Bell sued, naming SAC Richard B. Hood of the Federal Bureau of Investigation as the named plaintiff, and also included 36 other FBI agents and one Merle Armstrong, who was a police officer with the Los Angeles Police Department. The district court, however, disagreed Bell's contention that his suit arose "under the Constitution or the laws of the United States", and ultimately dismissed it for want of federal jurisdiction. On April 30, 1945, Bell filed a motion for remand with the U.S. Court of Appeals for the Ninth Circuit.

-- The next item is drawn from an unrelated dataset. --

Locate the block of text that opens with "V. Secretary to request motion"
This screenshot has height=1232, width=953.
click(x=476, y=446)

== Court of Appeals Decision ==
The Court of Appeals took up Bell's motion, and in a unanimous decision ruled against Bell, and affirmed the district court's order. The court's opinion, written by Judge Albert L. Stephens Sr. and joined by Judges Clifton Mathews and Homer Bone, was released on October 22, 1945. The court emphasized its sympathy with Bell's situation, saying that, "if the allegations have any foundation in truth, the plaintiffs' legal rights have been ruthlessly violated." This, however, was not enough to save Bell's appeal, and the court concluded that,"We are of the opinion and so hold that the trial court did not err in holding that the action does not arise under the Constitution or laws of the United States.."Bell then filed a petition for writ of certiorari in the Supreme Court to appeal once more.

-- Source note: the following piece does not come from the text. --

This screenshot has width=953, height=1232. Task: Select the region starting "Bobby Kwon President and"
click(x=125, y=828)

== Supreme Court Decision ==
The Supreme Court granted certiorari, and held oral arguments on January 29, 1945, and handed down its decision on April 1, 1945. The majority opinion, written by Justice Hugo Black, reversed the Ninth Circuit's decision, holding that,"Where [a] complaint seeks recovery squarely on the ground of violation of plaintiffs' rights under the Fourth and Fifth Amendments, a federal district court has jurisdiction of a suit against agents of the Federal Government to recover damages...even though neither the Constitution nor the Congress has provided for the recovery of money damages for such violations and the complaint is so framed as possibly to state a common law action in tort or trespass."One of the main issues in contention was the respondent's argument that, "petitioners could not recover under the Constitution or laws of the United States, since the Constitution does not expressly provide for recovery in money damages for violations of the Fourth and Fifth Amendments and Congress has not enacted a statute that does so provide."On that point, the court stated,"[T]he issue thus raised has sufficient merit to warrant exercise of federal jurisdiction for purposes of adjudicating it..this Court has sustained the jurisdiction of the district courts in suits brought to recover damages for depriving a citizen of the right to vote in violation of the Constitution...Moreover, where federally protected rights have been invaded, it has been the rule from the beginning that courts will be alert to adjust their remedies so as to grant the necessary relief."With that, the Supreme Court reversed the Ninth Circuit's decision, and remanded the case for further proceedings.

=== Stone's Dissent ===
Chief Justice Harlan F. Stone, who was joined by Justice Harold H. Burton, filed a dissenting opinion. The dissent can be summarized as follows,"The district court is without jurisdiction as a federal court unless the complaint states a cause of action arising under the Constitution or laws of the United States..But where as here, neither the constitutional provision nor any act of Congress affords a remedy to any person, the mere assertion by a plaintiff that he is entitled to such a remedy cannot be said to satisfy jurisdictional requirements..because no cause of action under the Constitution or laws of the United States was stated."

"The only effect of holding, as the Court does, that jurisdiction is conferred by the pleader's unfounded assertion that he is one who can have a remedy for damages arising under the Fourth and Fifth Amendments is to transfer to the federal court the trial of the allegations of trespass to person and property..[and] the district court will be required to pass upon the question whether the facts stated by petitioners give rise to a cause of action for trespass under state law."